第0話 漆黒の夜、灰鷹は飛び立った Part1

〈2122年 5月4日 1:21AM 第二星片地球到達まで残り約72時間〉

     ―ライムグリーンの髪をした執事服の青年―


――カラン

 ウィスキーが注がれたグラスの中で、氷が既に溶け始めていた。

 執務室へ続く、木製で両開きの重厚な扉の前。一人ふうっ、と息を吐いた。それは主人の前で粗相がないようにと、ボク自身に活を入れるため――よし!扉をコンコンと二回ノックし、そして声を上げる。


「オルランド様、ウィスキーをお持ちしました!」


「おお、待っていたぞ、ノアム。入れ」


 扉の向こうから、ドスのきいた声が返ってきた――オルランド様の声だ。


「失礼します」


 左手はグラスを乗せたトレイで手が塞がっているので、右手で金のハンドルを握り、扉を開いた。ふわりと優しい光が天井に吊されたシャンデリアからボクへと降り注ぎ、そしてむせかえりそうなタバコの臭いがボクの鼻腔を執拗に攻め立ててきた。

 部屋に足を踏み入れたボクを真っ先に迎えたのは、牙を剥き出しにし、眼光鋭く獲物を威嚇するバーバリライオン。もちろん彼は剥製であるわけだが、しかし未だに百獣の王たる威厳に満ち溢れている。そしてそのまま正面へと視線を移動すると、ニスが照り輝く縦幅3mほどの長さのローテーブル、そしてそれを挟む形に黒皮のソファが左右に配置されている。右側に腰掛けるのはスキンヘッドのヴァレリオさん、赤のソフトモヒカンをしたエンリコさん。左側に腰掛けるのはヴァレリオさんとエンリコさんの兄貴分にあたる、七三分けが特徴的なカルロさん。今日はお三方がオルランド様の身辺警護にあたっておられるようです。どうやら今は……トランプに興じてられているようですが。
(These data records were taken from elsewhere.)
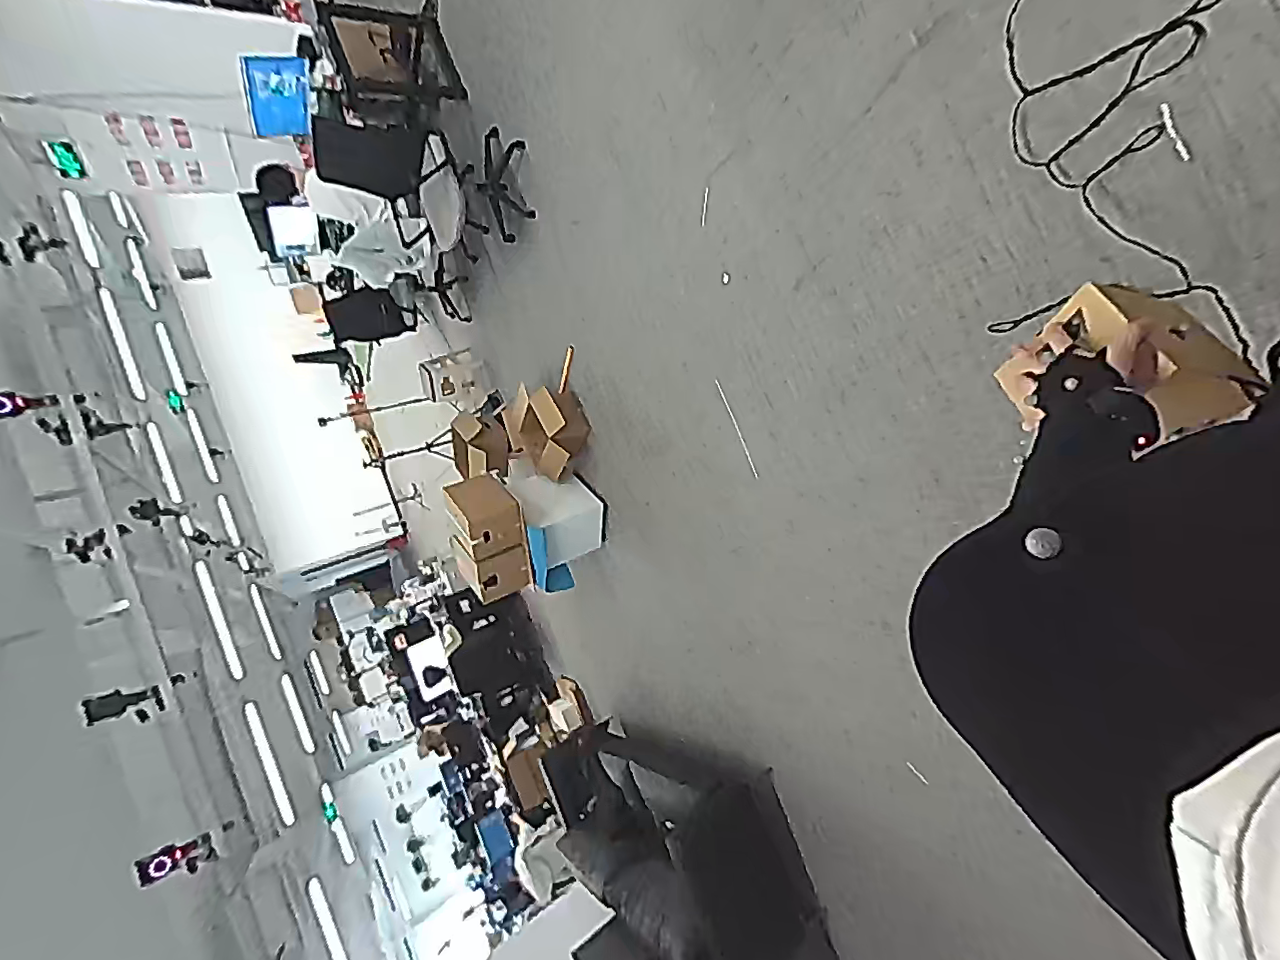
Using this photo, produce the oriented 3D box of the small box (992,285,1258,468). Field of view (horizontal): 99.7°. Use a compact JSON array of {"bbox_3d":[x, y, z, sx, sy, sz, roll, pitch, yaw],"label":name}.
[{"bbox_3d":[0.645,-0.133,0.739,0.168,0.176,0.179,113,157,-48],"label":"small box"}]
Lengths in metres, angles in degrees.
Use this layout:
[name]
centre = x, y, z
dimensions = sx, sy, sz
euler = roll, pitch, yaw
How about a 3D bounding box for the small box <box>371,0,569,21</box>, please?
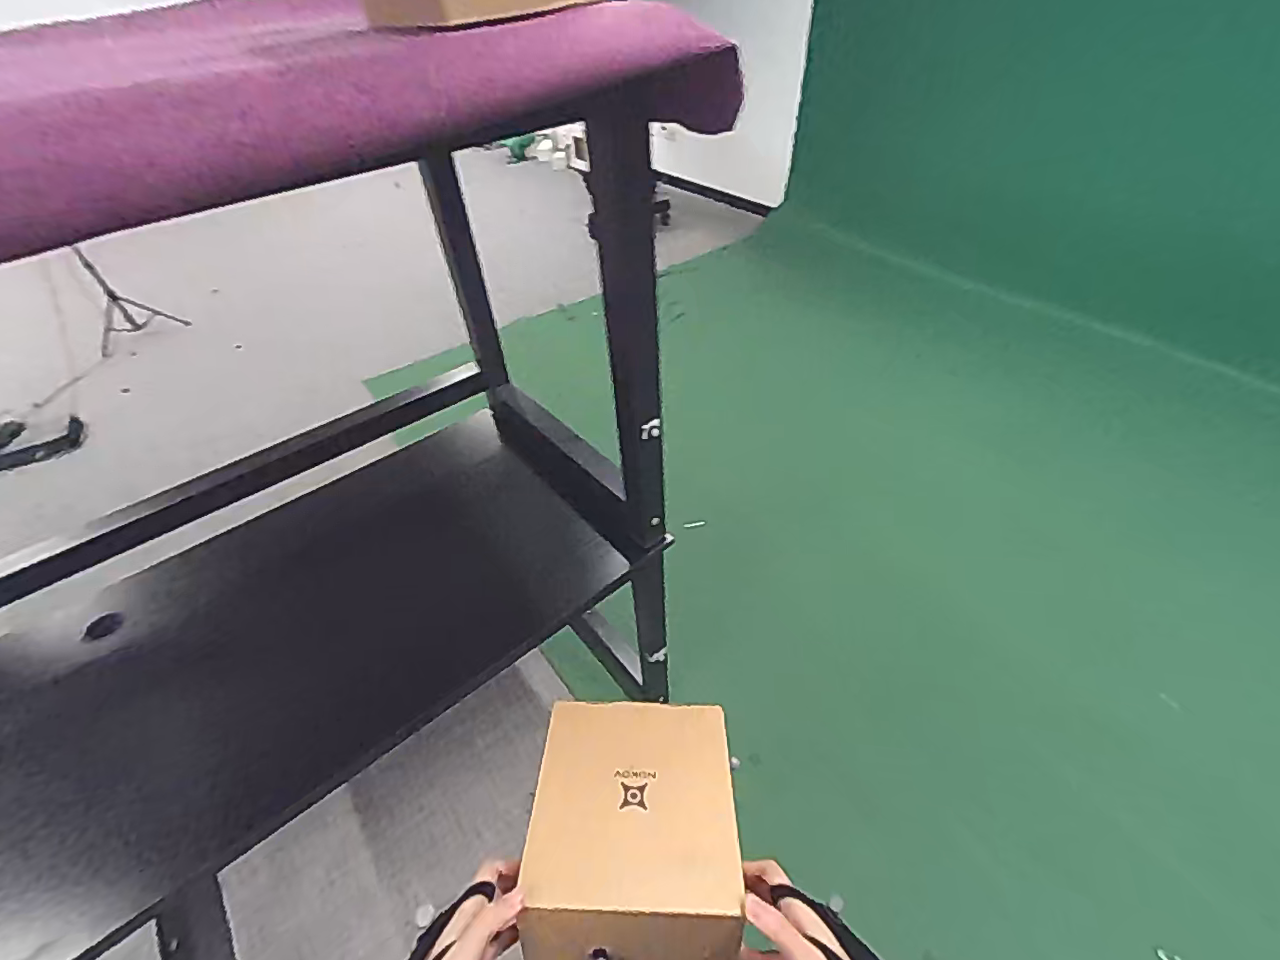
[small box]
centre = -0.149, -0.504, 0.451
dimensions = 0.168, 0.176, 0.179
euler = -33, 50, -26

 そして執務室の最奥。プレジデントデスクにもたれかかり、窓の外、渺茫たる夜の海を眺めておられる、青い背広に黒のスカーフを巻かれた御仁。その人こそボクの主――オルランド・アマート様、その人。

 ボクは急ぎオルランド様の元へと駆け寄ります。そしてプレジデントデスクの上へ、余計な物音を立てないようにと慎重にグラスを置きます。


「すまないな、ノアム。毎回ご苦労」


「いいえ、滅相もございません。これがボクの勤めでございますから」


 これでボクの仕事は一段落です。あとは執務室の外で待機し、オルランド様がグラスを空にされたころに回収に向かうのみ――


「まぁ、待て、ノアム。少し話でもしないか?」


「えっ…ボクと……ですか?」


 執務室を後にしようと踵を返したボクの肩にオルランド様の手が触れました。突然のことで少し身体がビクリとしてしまいましたが…オルランド様はお気づきになってしまわれたでしょうか?でも、驚くくらいに珍しいことなのです。オルランド様がわざわざボクなんかとお話をされるなんて。

 オルランド様はグラスを左手で掴み、そしてぐいっと一息に飲み干されました。空のグラスをデスクへと置くと、再び窓の向こうを眺められ、そしてボクをその隣へと招いてくださいました。ボクはオルランド様の隣へと向かい、同じように窓の外を眺めます。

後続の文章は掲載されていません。